Structural and Functional Characterization of the Human Perlecan Gene Promoter: TRANSCRIPTIONAL ACTIVATION BY TRANSFORMING GROWTH FACTOR-β VIA A NUCLEAR FACTOR 1-BINDING ELEMENT

Abstract

Perlecan, a modular heparan sulfate proteoglycan of basement membranes and cell surfaces, plays a crucial role in regulating the assembly of extracellular matrices and the binding of nutrients and growth factors to target cells. To achieve a molecular understanding of perlecan gene regulation, we isolated the 5'-flanking region and investigated its functional promoter activity and its response to cytokines. Transient cell transfection assays, using plasmid constructs harboring the perlecan promoter linked to the chloramphenicol acetyltransferase reporter gene, demonstrated that the largest approximately 2.5-kilobase construct contained maximal promoter activity. This promoter region was functionally active in a variety of cells of diverse histogenetic origin, thus corroborating the widespread expression of this gene product. Stepwise 5' deletion analyses demonstrated that the -461-base pair (bp) proximal promoter retained approximately 90% of the total activity, and internal deletions confirmed that the most proximal sequence was essential for proper promoter activity. Nanomolar amounts of transforming growth factor-beta induced 2-3-fold perlecan mRNA and protein core levels in normal human skin fibroblasts, and this induction was transcriptionally regulated; in contrast, tumor necrosis factor-alpha had no effect and was incapable of counteracting the effects of TGF-beta.

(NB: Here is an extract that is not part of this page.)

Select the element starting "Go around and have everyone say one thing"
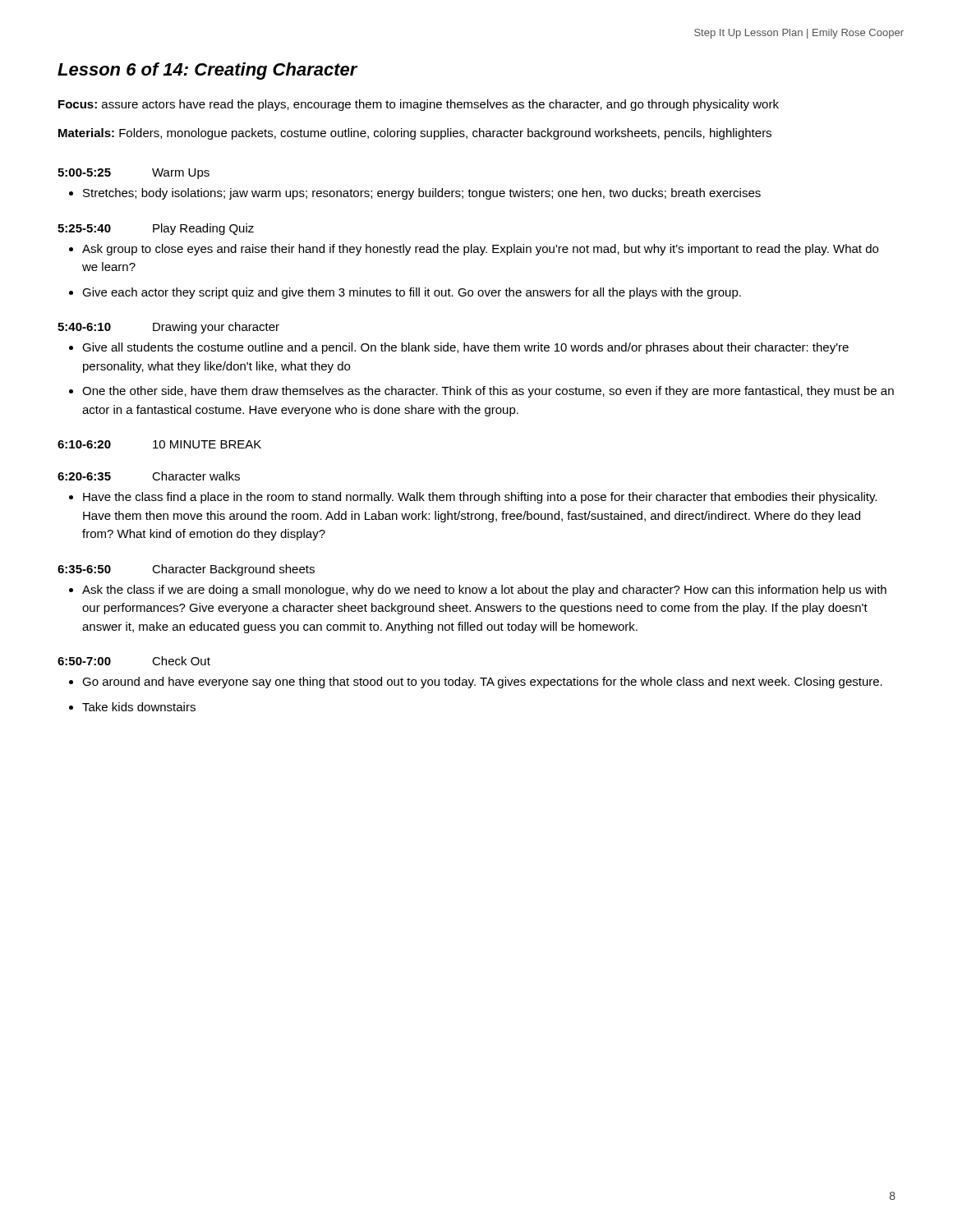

Using additional 5' deletions and DNase footprinting analyses, we mapped the TGF-beta responsive region to a sequence of 177 bp contained between -461 and -285. This region harbored a 14-bp element similar to a TGF-beta-responsive element present in the promoters of collagen alpha1(I), alpha2(I), elastin, and growth hormone. Electrophoretic mobility shift assays and mutational analyses demonstrated that the perlecan TGF-beta-responsive element bound specifically to TGF-beta-inducible nuclear proteins with high affinity for NF-1 member(s) of transcription factors.